Switching Over to HTTPS: Here’s What You Need to Do

SSL Certificate

With the advent of websites having to switch over to HTTPS, it can be a struggle to get your website to comply with this new structure. Unfortunately, if a website is still running on HTTP, then the browser is going to automatically make it not secure, and that can turn users away from your website. So to switch over to HTTPS, here’s what you need to know to make the process as smooth as possible.

Choose An SSL Certificate

Even the Best Web Development Companies employ SSL certificates in the running of their websites. This is because an SSL certificate establishes an encrypted connection, most likely between your website and the user. However, there are three types of SSL certificates that can be obtained.

  • Domain Validation: this is the most basic certificate and only verifies that the person who has the certificate owns the domain.
  • Organization Validation: this certificate not only verifies domain ownership, but also the legal organization behind the website. For that reason, it costs more money.
  • Extended Validation: this is the highest level of certificate, and requires the company’s governmental records being checked, as well as verifying the identity of the certificate-seeker. A phone call is typically arranged with the issuer to further verify the person’s identity. These are most the expensive and take the longest to get issued.

Obtain and Install an SSL Certificate

There are several ways you could obtain an SSL certificate.
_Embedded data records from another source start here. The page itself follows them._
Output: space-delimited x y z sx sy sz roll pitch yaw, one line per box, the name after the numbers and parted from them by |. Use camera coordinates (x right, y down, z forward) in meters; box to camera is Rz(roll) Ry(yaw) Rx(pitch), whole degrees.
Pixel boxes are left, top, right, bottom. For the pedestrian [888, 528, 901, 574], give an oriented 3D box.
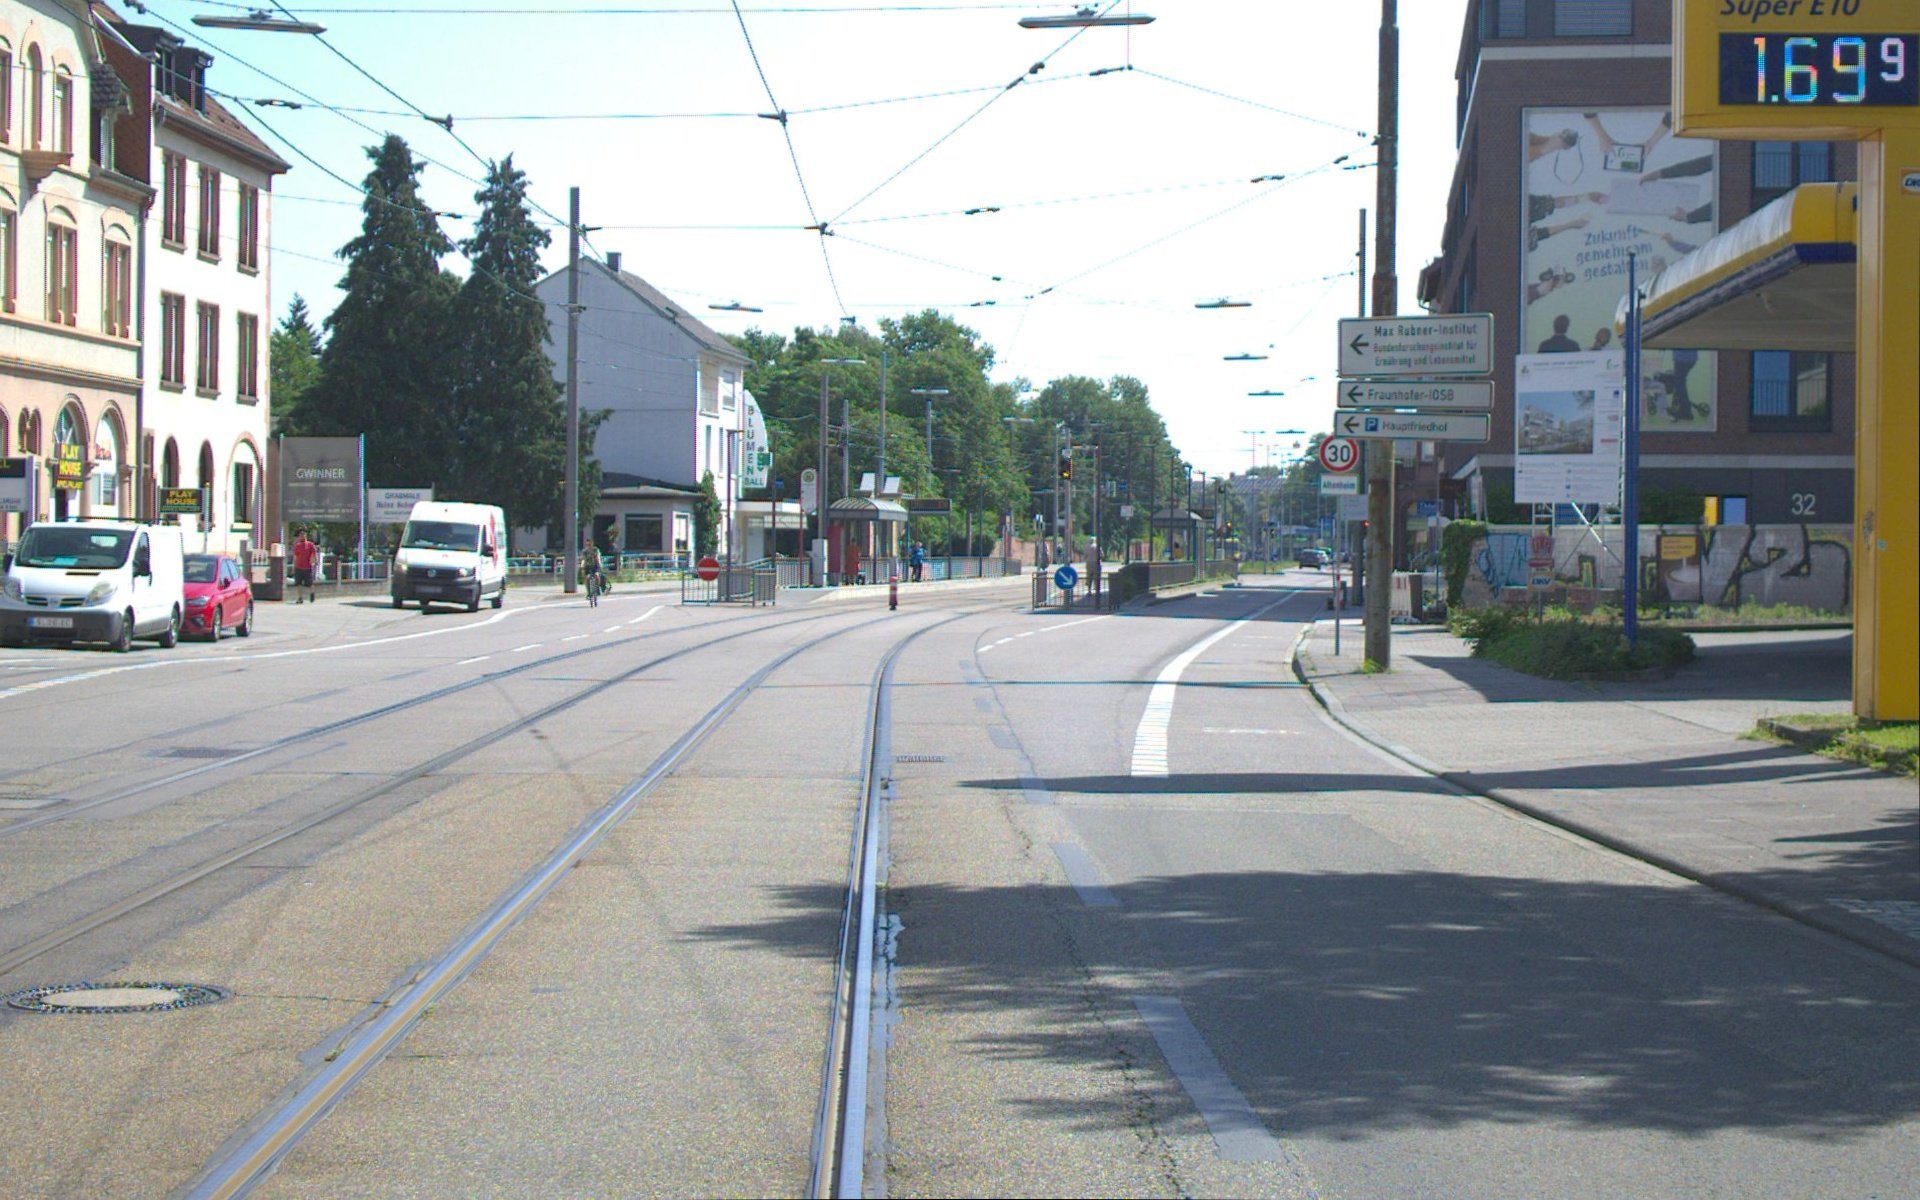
-2.423 -1.815 126.790 0.415 1.684 0.708 0 1 -7 | pedestrian

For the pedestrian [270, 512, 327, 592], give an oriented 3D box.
-15.302 -1.114 79.565 0.942 1.809 1.129 1 1 9 | pedestrian

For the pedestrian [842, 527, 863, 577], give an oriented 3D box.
-3.632 -1.616 116.006 0.705 1.684 0.416 0 1 -1 | pedestrian

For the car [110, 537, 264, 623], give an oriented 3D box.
-13.142 -0.361 58.656 1.720 1.401 4.001 0 1 0 | car

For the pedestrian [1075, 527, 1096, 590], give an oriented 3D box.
3.558 -1.182 97.519 0.556 1.754 0.793 0 1 1 | pedestrian

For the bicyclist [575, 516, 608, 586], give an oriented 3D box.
-9.100 -1.207 84.946 0.716 1.718 0.988 0 1 -1 | bicyclist

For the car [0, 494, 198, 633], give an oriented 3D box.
-13.245 -0.586 52.429 2.084 2.007 4.908 0 1 1 | car

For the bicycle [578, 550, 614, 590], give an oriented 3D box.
-8.989 -0.747 84.974 0.608 0.980 2.164 0 1 2 | bicycle

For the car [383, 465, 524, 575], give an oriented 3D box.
-12.121 -1.942 82.655 2.329 2.527 6.507 0 2 1 | car
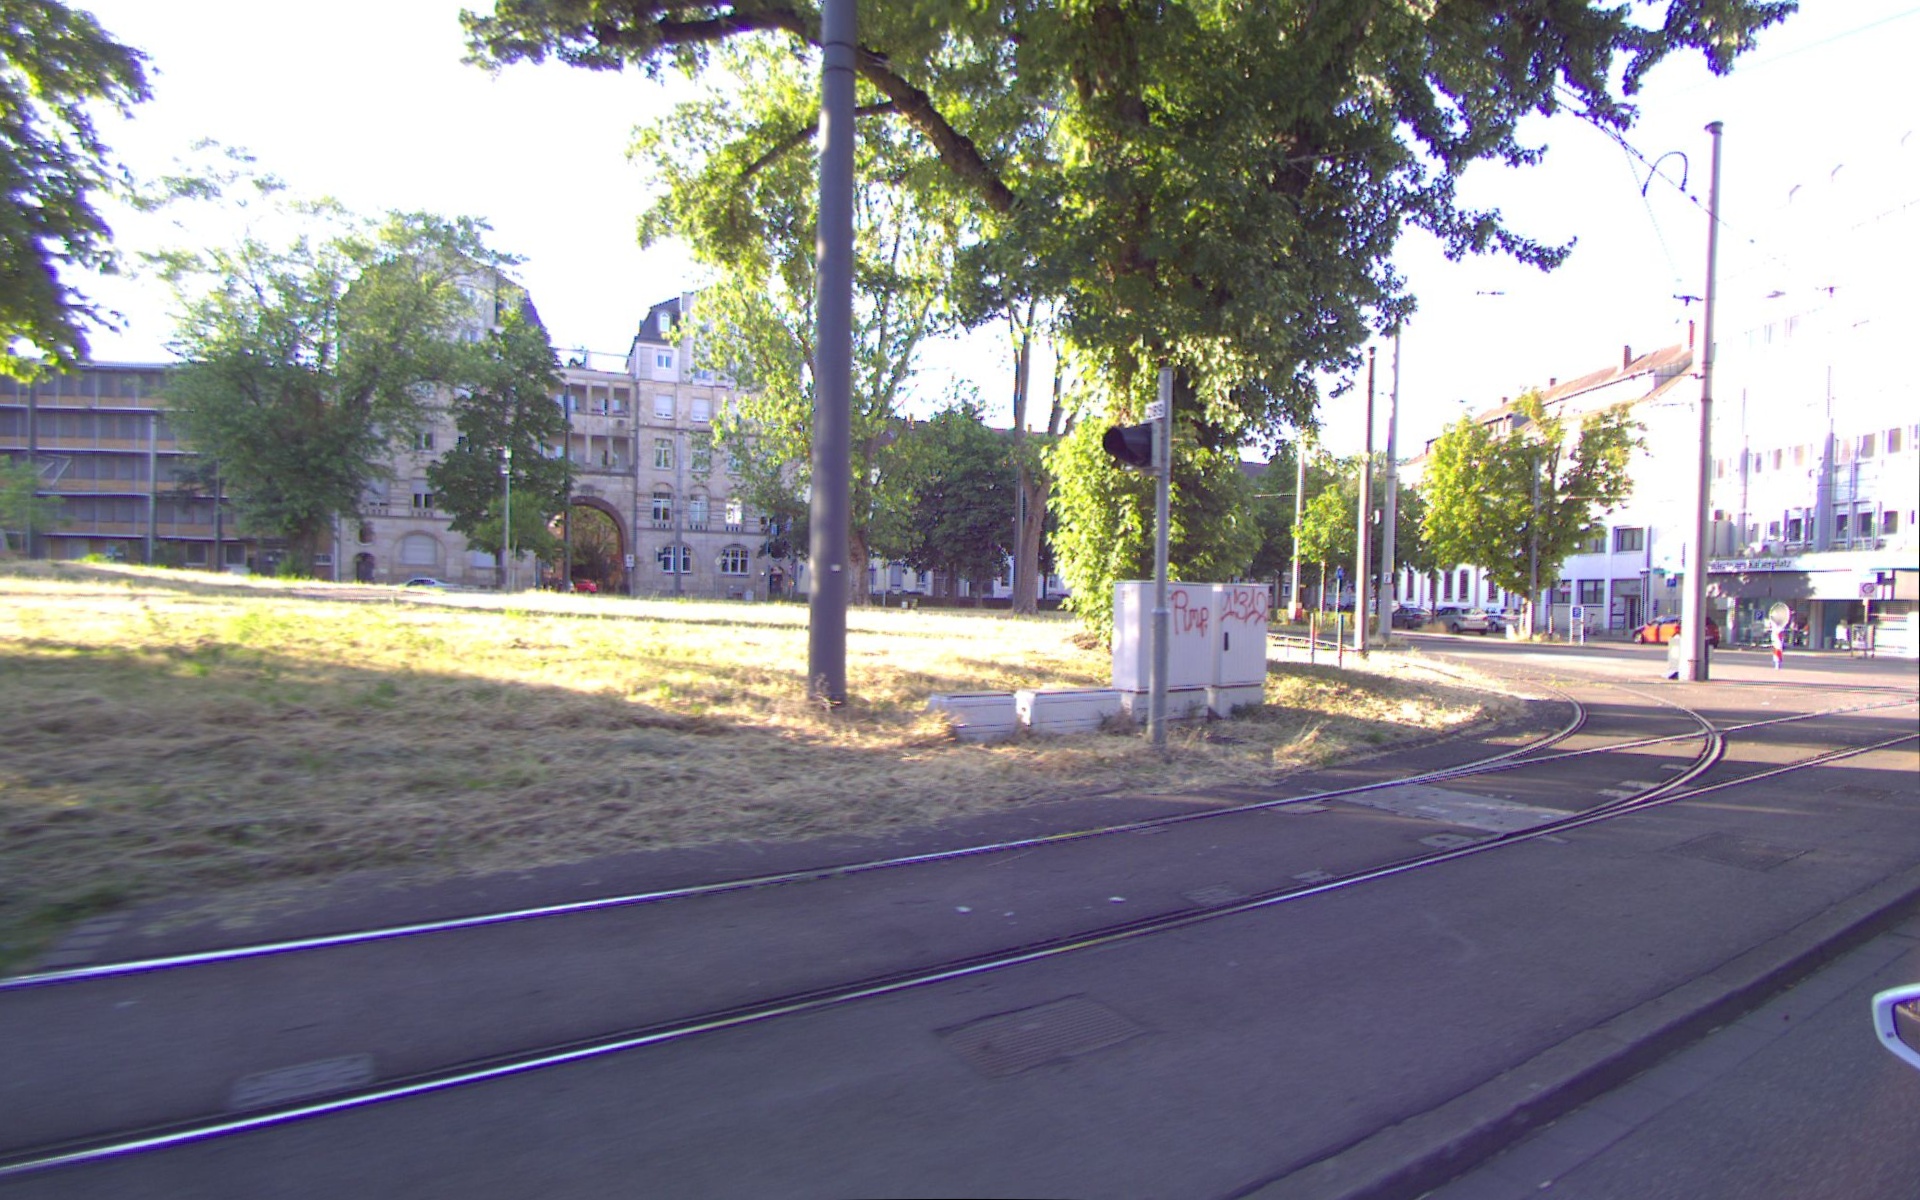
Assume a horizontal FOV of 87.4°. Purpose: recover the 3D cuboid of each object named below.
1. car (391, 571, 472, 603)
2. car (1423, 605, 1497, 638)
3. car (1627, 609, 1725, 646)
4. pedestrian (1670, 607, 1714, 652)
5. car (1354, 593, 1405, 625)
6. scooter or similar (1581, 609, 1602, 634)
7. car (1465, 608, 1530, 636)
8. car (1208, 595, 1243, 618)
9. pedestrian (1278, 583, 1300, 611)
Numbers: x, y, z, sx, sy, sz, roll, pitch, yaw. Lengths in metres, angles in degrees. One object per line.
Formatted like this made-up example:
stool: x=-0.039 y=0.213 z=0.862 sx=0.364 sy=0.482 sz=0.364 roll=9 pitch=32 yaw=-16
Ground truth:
car: x=-32.848 y=-0.846 z=62.477 sx=3.923 sy=1.818 sz=1.999 roll=2 pitch=1 yaw=-4
car: x=28.810 y=1.234 z=58.027 sx=1.962 sy=1.706 sz=3.996 roll=2 pitch=1 yaw=-5
car: x=33.429 y=1.258 z=47.030 sx=1.986 sy=1.505 sz=4.002 roll=3 pitch=1 yaw=6
pedestrian: x=29.152 y=1.158 z=40.018 sx=1.139 sy=1.725 sz=0.908 roll=2 pitch=0 yaw=17
car: x=28.683 y=0.586 z=68.802 sx=1.960 sy=2.040 sz=4.001 roll=2 pitch=1 yaw=5
scooter or similar: x=37.306 y=1.260 z=59.364 sx=0.741 sy=1.417 sz=1.926 roll=3 pitch=2 yaw=25
car: x=33.247 y=1.333 z=62.266 sx=1.960 sy=1.550 sz=4.001 roll=2 pitch=1 yaw=3
car: x=25.662 y=0.625 z=97.329 sx=1.962 sy=2.040 sz=3.996 roll=2 pitch=1 yaw=-5
pedestrian: x=25.186 y=-0.250 z=76.975 sx=1.097 sy=2.040 sz=1.465 roll=2 pitch=1 yaw=1

You can purchase one from your hosting provider, you can purchase one from the certifying authority, or it is possible for you to get one for free. The only drawback to getting a free certificate is that it is only valid for three months, while paid certificates last for about a year.

Force Using HTTPS

Once a certificate is installed, your website will then become accessible through HTTP and HTTPS. The problem with this is that search engine results will read these as two separate websites that are competing against each other, which can affect your traffic results. One solution to this is to set up a redirect from the HTTP site to the HTTPS one.

Update Your Google Search Console

After the redirect has been set up, you have to take care of your HTTP pages still being ranked by search engines. To correct this, you need to crawl and index your pages using HTTPS. This can be done more quickly by uploading an updated version of your XML sitemap to the search engine search console.

Find And Fix Any Errors

Of course, you should be testing things out to make sure they’re working properly. Assuming that everything is in place just because you did the right coding and certification is a big mistake. Test to see if there any critical errors that need to be fixed, such as existing pages not returning the 200 status code, or receiving mixed content errors.

It’s a good idea to keep an eye on your rankings to ensure that the work you’ve done isn’t losing you any traffic. There will be some fluctuations in the first few weeks, bit it should pick back up eventually. If your ranking continues to drop, however, then you should definitely take a look to see what’s wrong.